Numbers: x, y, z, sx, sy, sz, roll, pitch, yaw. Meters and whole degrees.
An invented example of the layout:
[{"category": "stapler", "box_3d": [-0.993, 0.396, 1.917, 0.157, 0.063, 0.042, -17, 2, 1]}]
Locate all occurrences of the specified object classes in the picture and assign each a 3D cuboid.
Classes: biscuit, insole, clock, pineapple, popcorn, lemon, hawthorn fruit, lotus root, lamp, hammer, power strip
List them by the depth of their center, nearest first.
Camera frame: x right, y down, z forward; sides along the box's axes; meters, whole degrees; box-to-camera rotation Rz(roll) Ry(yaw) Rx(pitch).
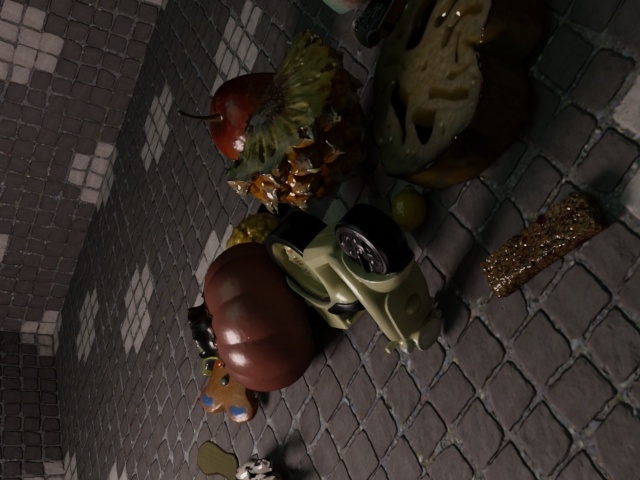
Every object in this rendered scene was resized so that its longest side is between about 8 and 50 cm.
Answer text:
[{"category": "biscuit", "box_3d": [0.300, 0.008, 0.947, 0.199, 0.034, 0.064, -45, 43, 42]}, {"category": "clock", "box_3d": [0.058, 0.060, 1.138, 0.120, 0.276, 0.379, -45, 20, -18]}, {"category": "lotus root", "box_3d": [0.202, -0.281, 1.140, 0.375, 0.111, 0.390, 30, 110, 59]}, {"category": "lemon", "box_3d": [0.152, -0.056, 1.186, 0.062, 0.062, 0.083, 7, 100, 59]}, {"category": "power strip", "box_3d": [0.111, -0.017, 1.256, 0.030, 0.047, 0.191, -51, 40, 48]}, {"category": "pineapple", "box_3d": [0.032, -0.179, 1.280, 0.209, 0.286, 0.344, 19, 81, 41]}, {"category": "lamp", "box_3d": [-0.140, 0.158, 1.380, 0.305, 0.240, 0.305, 163, 90, -85]}, {"category": "popcorn", "box_3d": [-0.139, 0.022, 1.574, 0.170, 0.180, 0.180, 0, 79, 26]}, {"category": "hawthorn fruit", "box_3d": [-0.152, -0.287, 1.614, 0.231, 0.263, 0.235, -61, 1, -11]}, {"category": "biscuit", "box_3d": [-0.201, 0.253, 1.626, 0.205, 0.049, 0.324, 2, 72, 41]}, {"category": "insole", "box_3d": [-0.261, 0.553, 1.729, 0.253, 0.005, 0.086, -13, 70, 57]}, {"category": "hammer", "box_3d": [-0.240, 0.271, 1.749, 0.226, 0.041, 0.158, -44, 45, 44]}]

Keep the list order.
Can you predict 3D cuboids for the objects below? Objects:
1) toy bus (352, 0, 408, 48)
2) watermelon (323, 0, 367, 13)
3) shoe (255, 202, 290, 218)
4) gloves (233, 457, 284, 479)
[{"category": "toy bus", "box_3d": [0.131, -0.450, 1.337, 0.162, 0.074, 0.069, -58, 44, 28]}, {"category": "watermelon", "box_3d": [0.091, -0.507, 1.250, 0.241, 0.154, 0.094, 0, 81, 37]}, {"category": "shoe", "box_3d": [-0.110, -0.093, 1.630, 0.179, 0.071, 0.049, -53, 36, 43]}, {"category": "gloves", "box_3d": [-0.121, 0.519, 1.417, 0.212, 0.111, 0.127, -14, 44, 60]}]
◇ ◇ ◇ ◇ ◇ ◇ ◇
> **Exercise brief**
Reproduce the records in full, exactly as they appear, and show none of the pictures.

> **Your response**
Numbers: x, y, z, sx, sy, sz, roll, pitch, yaw. Meters and whole degrees.
An invented example of the layout:
[{"category": "stapler", "box_3d": [-0.993, 0.396, 1.917, 0.157, 0.063, 0.042, -17, 2, 1]}]
Locate all occurrences of the specified object classes in the picture and assign each a 3D cuboid.
Classes: biscuit, insole, clock, pineapple, popcorn, lemon, hawthorn fruit, lotus root, lamp, hammer, power strip
List them by the depth of their center, nearest first.
Camera frame: x right, y down, z forward; sides along the box's axes; meters, whole degrees; box-to-camera rotation Rz(roll) Ry(yaw) Rx(pitch).
Every object in this rendered scene was resized so that its longest side is between about 8 and 50 cm.
Answer text:
[{"category": "biscuit", "box_3d": [0.300, 0.008, 0.947, 0.199, 0.034, 0.064, -45, 43, 42]}, {"category": "clock", "box_3d": [0.058, 0.060, 1.138, 0.120, 0.276, 0.379, -45, 20, -18]}, {"category": "lotus root", "box_3d": [0.202, -0.281, 1.140, 0.375, 0.111, 0.390, 30, 110, 59]}, {"category": "lemon", "box_3d": [0.152, -0.056, 1.186, 0.062, 0.062, 0.083, 7, 100, 59]}, {"category": "power strip", "box_3d": [0.111, -0.017, 1.256, 0.030, 0.047, 0.191, -51, 40, 48]}, {"category": "pineapple", "box_3d": [0.032, -0.179, 1.280, 0.209, 0.286, 0.344, 19, 81, 41]}, {"category": "lamp", "box_3d": [-0.140, 0.158, 1.380, 0.305, 0.240, 0.305, 163, 90, -85]}, {"category": "popcorn", "box_3d": [-0.139, 0.022, 1.574, 0.170, 0.180, 0.180, 0, 79, 26]}, {"category": "hawthorn fruit", "box_3d": [-0.152, -0.287, 1.614, 0.231, 0.263, 0.235, -61, 1, -11]}, {"category": "biscuit", "box_3d": [-0.201, 0.253, 1.626, 0.205, 0.049, 0.324, 2, 72, 41]}, {"category": "insole", "box_3d": [-0.261, 0.553, 1.729, 0.253, 0.005, 0.086, -13, 70, 57]}, {"category": "hammer", "box_3d": [-0.240, 0.271, 1.749, 0.226, 0.041, 0.158, -44, 45, 44]}]

Keep the list order.
Can you predict 3D cuboids for the objects below? Objects:
1) toy bus (352, 0, 408, 48)
2) watermelon (323, 0, 367, 13)
3) shoe (255, 202, 290, 218)
4) gloves (233, 457, 284, 479)
[{"category": "toy bus", "box_3d": [0.131, -0.450, 1.337, 0.162, 0.074, 0.069, -58, 44, 28]}, {"category": "watermelon", "box_3d": [0.091, -0.507, 1.250, 0.241, 0.154, 0.094, 0, 81, 37]}, {"category": "shoe", "box_3d": [-0.110, -0.093, 1.630, 0.179, 0.071, 0.049, -53, 36, 43]}, {"category": "gloves", "box_3d": [-0.121, 0.519, 1.417, 0.212, 0.111, 0.127, -14, 44, 60]}]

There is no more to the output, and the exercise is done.